Expanding the universe of functional metalloproteins through AI-assisted computational design

通过人工智能辅助计算设计扩展功能金属蛋白的范围

• 批准号: 2137880
• 负责人: Parisa Hosseinzadeh
• 金额: $ 58.5万
• 依托单位: University of Oregon Eugene
• 依托单位国家: 美国
• 项目类别: Continuing Grant
• 财政年份: 2022
• 资助国家: 美国
• 起止时间: 2022-09-01 至 2025-08-31
• 项目状态: 未结题
• 来源: https://www.nsf.gov/awardsearch/showAward?AWD_ID=2137880&HistoricalAwards=false
• 关键词: Expanding; universe; functional; metalloproteins; through

Metalloproteins are an abundant class of proteins. They perform some of the most difficult and life-sustaining reactions on earth with high efficiency. They have potential as green biocatalysts for applications in energy production and bioremediation. Adding new functions to these proteins or generating completely novel metalloproteins is challenging. Computational methods will be used to design new functional metalloproteins. The project will also introduce high school students and undergraduates to protein engineering.The goal of this project is to expand the universe of functional metalloproteins. To address the limitations of native proteins and the current challenges facing traditional design approaches, latest advances in machine learning in combination with protein design software will be applied to generate: (a) a library of functional electron transfer proteins with diverse shapes that contain a well-known 2His-1Cys copper binding motif (T1Cu site), (b) a library of functional catalytic proteins with 3His zinc binding motifs (hydrolase active site), and (c) a new platform for metal coordination using the non-canonical bpy-ala amino acid. It is hoped that the results obtained will provide new insight into the role of protein shape on tuning properties of the metal center and the rules for designing new metalloproteins. Methods developed in this proposal can be generalized to the design of other metalloproteins (dinuclear, heme binding, etc.) and small molecule-binding proteins, largely expanding the current scope of functional protein design.This award reflects NSF's statutory mission and has been deemed worthy of support through evaluation using the Foundation's intellectual merit and broader impacts review criteria.

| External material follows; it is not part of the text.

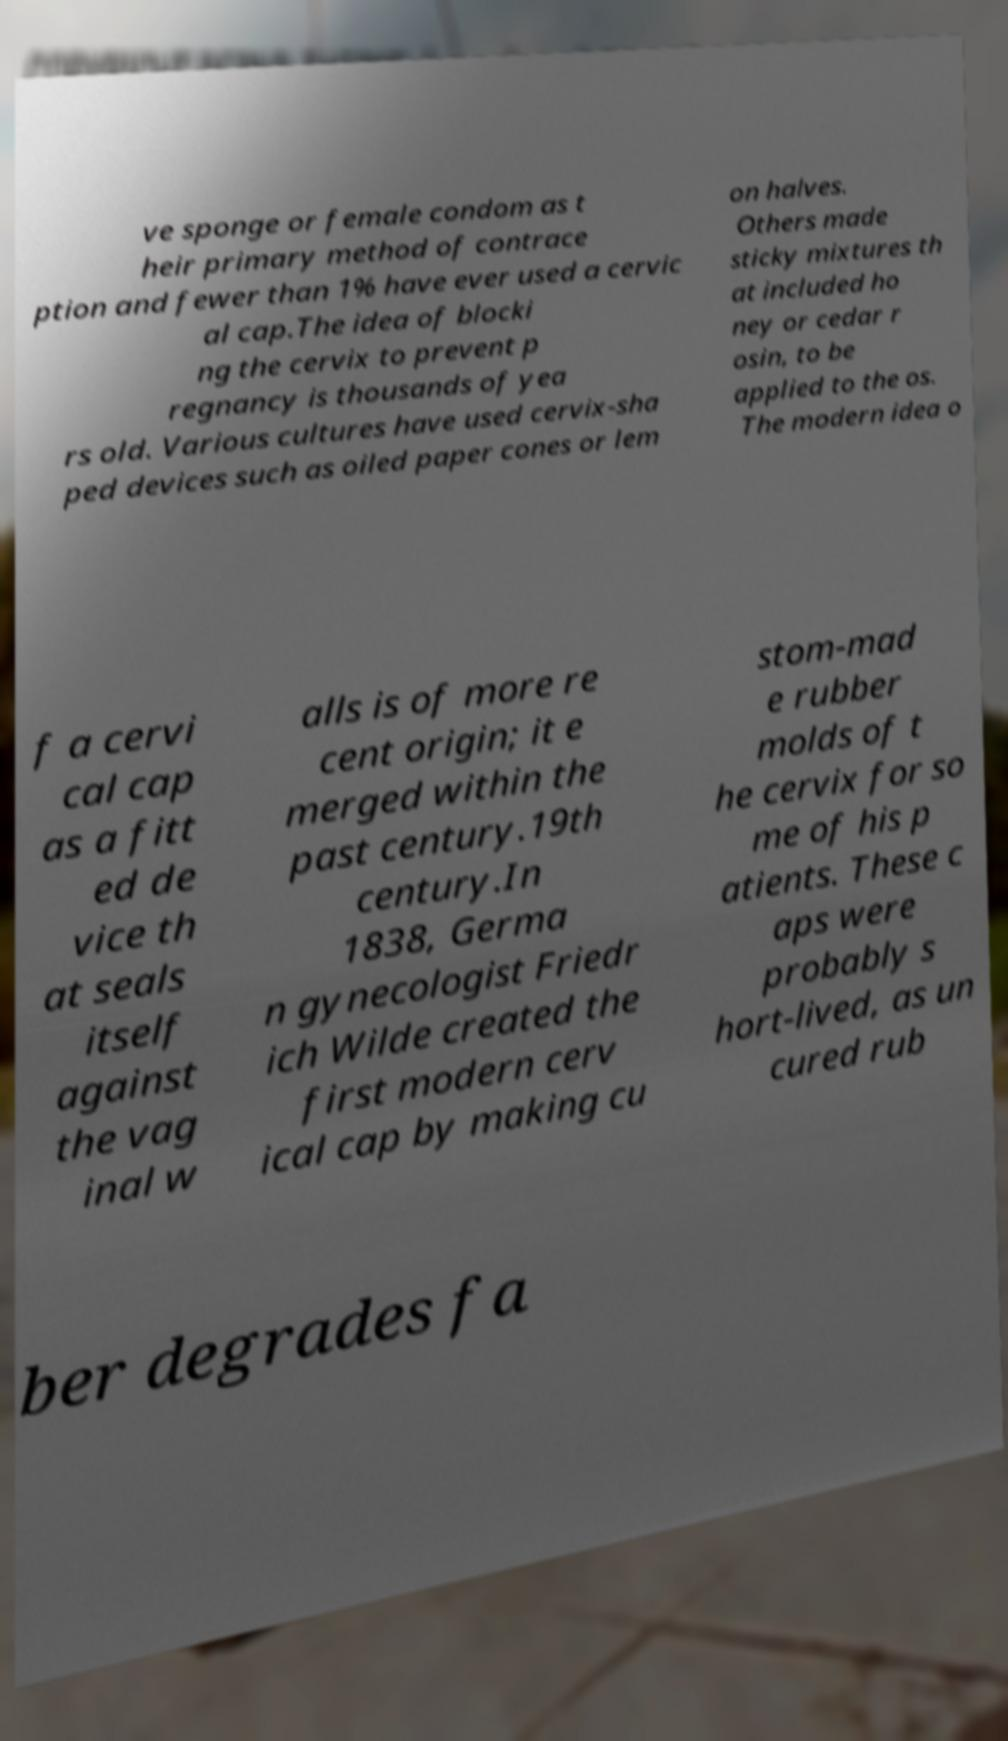Can you read and provide the text displayed in the image?This photo seems to have some interesting text. Can you extract and type it out for me? ve sponge or female condom as t heir primary method of contrace ption and fewer than 1% have ever used a cervic al cap.The idea of blocki ng the cervix to prevent p regnancy is thousands of yea rs old. Various cultures have used cervix-sha ped devices such as oiled paper cones or lem on halves. Others made sticky mixtures th at included ho ney or cedar r osin, to be applied to the os. The modern idea o f a cervi cal cap as a fitt ed de vice th at seals itself against the vag inal w alls is of more re cent origin; it e merged within the past century.19th century.In 1838, Germa n gynecologist Friedr ich Wilde created the first modern cerv ical cap by making cu stom-mad e rubber molds of t he cervix for so me of his p atients. These c aps were probably s hort-lived, as un cured rub ber degrades fa

金属蛋白是一类丰富的蛋白质。它们能高效地完成一些地球上最困难、最能维持生命的反应。它们在能源生产和生物修复方面具有作为绿色生物催化剂的潜力。为这些蛋白添加新的功能或生成全新的金属蛋白是具有挑战性的。计算方法将用于设计新的功能金属蛋白。该项目还将向高中生和本科生介绍蛋白质工程。该项目的目标是扩大功能性金属蛋白的范围。为了解决天然蛋白质的局限性和传统设计方法面临的当前挑战，将应用机器学习与蛋白质设计软件相结合的最新进展来生成：(a)包含已知的2His-1Cys铜结合基序（T1Cu位点）的各种形状的功能电子转移蛋白库，(b)包含3His锌结合基序（水解酶活性位点）的功能催化蛋白库，以及(c)使用非规范的bpy-ala氨基酸进行金属配位的新平台。希望这些结果能够为蛋白质形状对金属中心调谐特性的作用以及设计新型金属蛋白的规律提供新的见解。本文提出的方法可以推广到其他金属蛋白（双核、血红素结合等）和小分子结合蛋白的设计中，极大地扩展了目前功能蛋白设计的范围。该奖项反映了美国国家科学基金会的法定使命，并通过使用基金会的知识价值和更广泛的影响审查标准进行评估，被认为值得支持。